**Extracted information:**

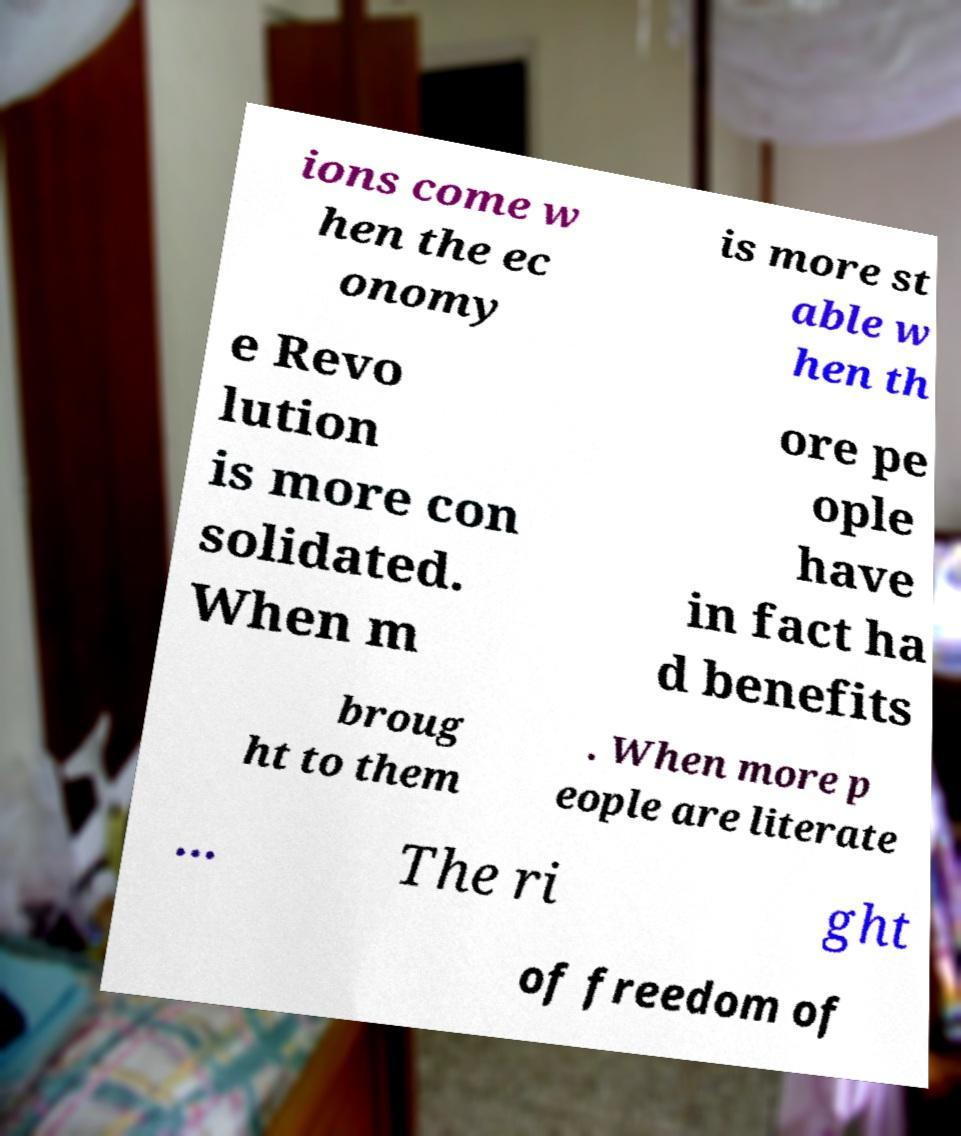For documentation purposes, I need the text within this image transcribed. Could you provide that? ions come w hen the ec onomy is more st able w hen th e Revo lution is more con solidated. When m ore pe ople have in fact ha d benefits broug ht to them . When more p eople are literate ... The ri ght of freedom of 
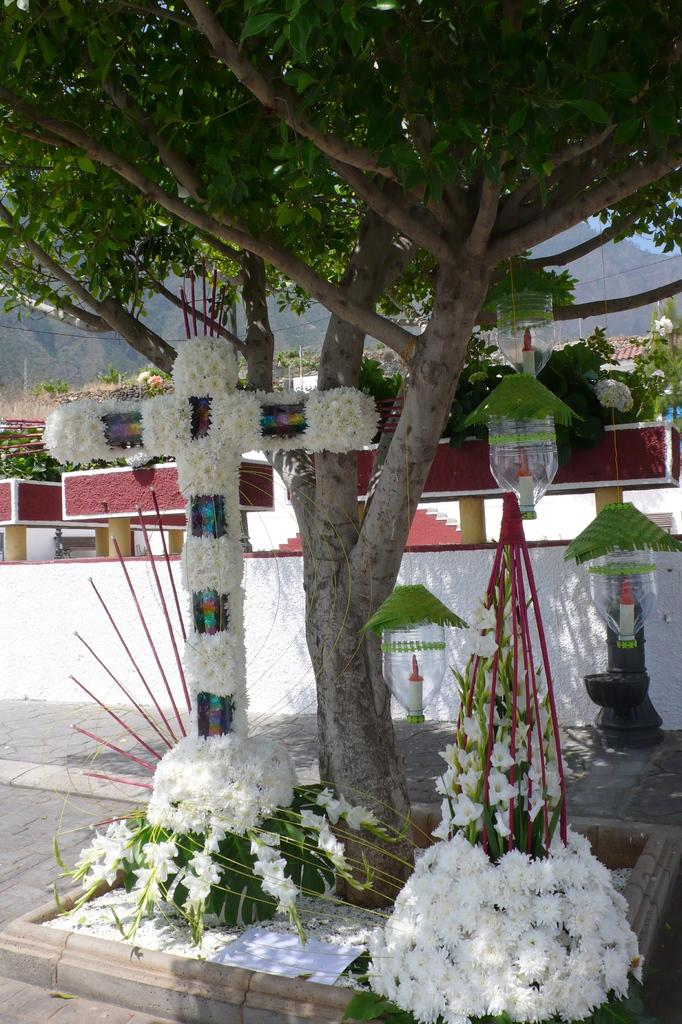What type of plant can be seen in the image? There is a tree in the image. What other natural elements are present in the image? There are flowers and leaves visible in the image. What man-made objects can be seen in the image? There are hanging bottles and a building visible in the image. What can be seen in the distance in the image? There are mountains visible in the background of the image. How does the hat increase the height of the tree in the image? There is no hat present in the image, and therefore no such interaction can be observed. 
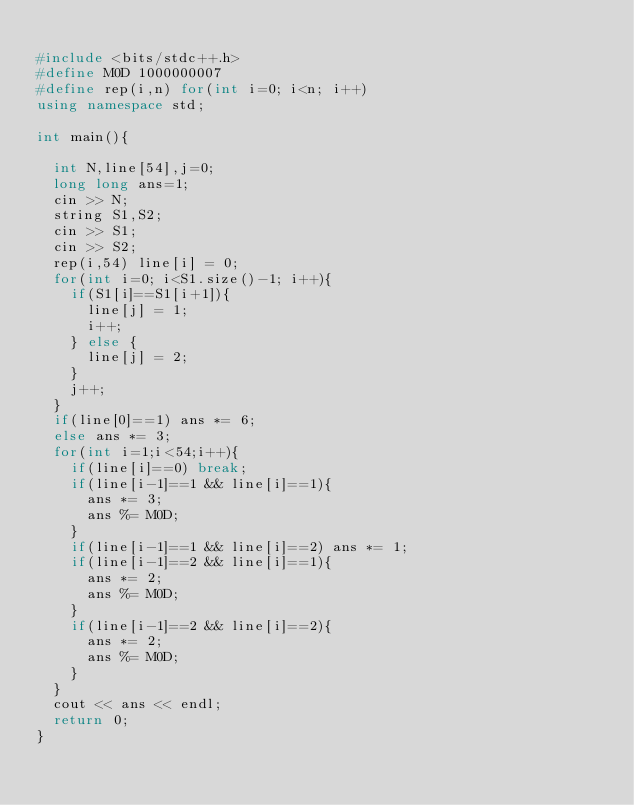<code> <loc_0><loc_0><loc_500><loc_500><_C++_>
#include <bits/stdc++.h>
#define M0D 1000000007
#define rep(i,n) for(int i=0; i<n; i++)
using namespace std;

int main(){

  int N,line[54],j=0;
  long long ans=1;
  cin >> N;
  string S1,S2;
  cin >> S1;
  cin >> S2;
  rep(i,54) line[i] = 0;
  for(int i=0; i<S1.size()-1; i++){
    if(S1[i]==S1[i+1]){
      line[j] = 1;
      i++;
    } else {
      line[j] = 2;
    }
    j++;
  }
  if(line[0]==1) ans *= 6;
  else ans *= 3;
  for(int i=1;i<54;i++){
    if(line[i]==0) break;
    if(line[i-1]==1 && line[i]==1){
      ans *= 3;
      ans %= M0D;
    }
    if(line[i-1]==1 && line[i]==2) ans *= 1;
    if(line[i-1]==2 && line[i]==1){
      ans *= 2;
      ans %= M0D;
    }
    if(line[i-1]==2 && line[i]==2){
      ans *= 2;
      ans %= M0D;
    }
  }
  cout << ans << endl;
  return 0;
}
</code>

**Problem:**
A faithful copy of all the data above, without its pictures, is the expected result.

**Solved exercise:**
For documentation purposes, I need the text within this image transcribed. Could you provide that? ions come w hen the ec onomy is more st able w hen th e Revo lution is more con solidated. When m ore pe ople have in fact ha d benefits broug ht to them . When more p eople are literate ... The ri ght of freedom of 
What type of plant can be seen in the image? There is a tree in the image. What other natural elements are present in the image? There are flowers and leaves visible in the image. What man-made objects can be seen in the image? There are hanging bottles and a building visible in the image. What can be seen in the distance in the image? There are mountains visible in the background of the image. How does the hat increase the height of the tree in the image? There is no hat present in the image, and therefore no such interaction can be observed. 
<code> <loc_0><loc_0><loc_500><loc_500><_C++_>
#include <bits/stdc++.h>
#define M0D 1000000007
#define rep(i,n) for(int i=0; i<n; i++)
using namespace std;

int main(){

  int N,line[54],j=0;
  long long ans=1;
  cin >> N;
  string S1,S2;
  cin >> S1;
  cin >> S2;
  rep(i,54) line[i] = 0;
  for(int i=0; i<S1.size()-1; i++){
    if(S1[i]==S1[i+1]){
      line[j] = 1;
      i++;
    } else {
      line[j] = 2;
    }
    j++;
  }
  if(line[0]==1) ans *= 6;
  else ans *= 3;
  for(int i=1;i<54;i++){
    if(line[i]==0) break;
    if(line[i-1]==1 && line[i]==1){
      ans *= 3;
      ans %= M0D;
    }
    if(line[i-1]==1 && line[i]==2) ans *= 1;
    if(line[i-1]==2 && line[i]==1){
      ans *= 2;
      ans %= M0D;
    }
    if(line[i-1]==2 && line[i]==2){
      ans *= 2;
      ans %= M0D;
    }
  }
  cout << ans << endl;
  return 0;
}
</code>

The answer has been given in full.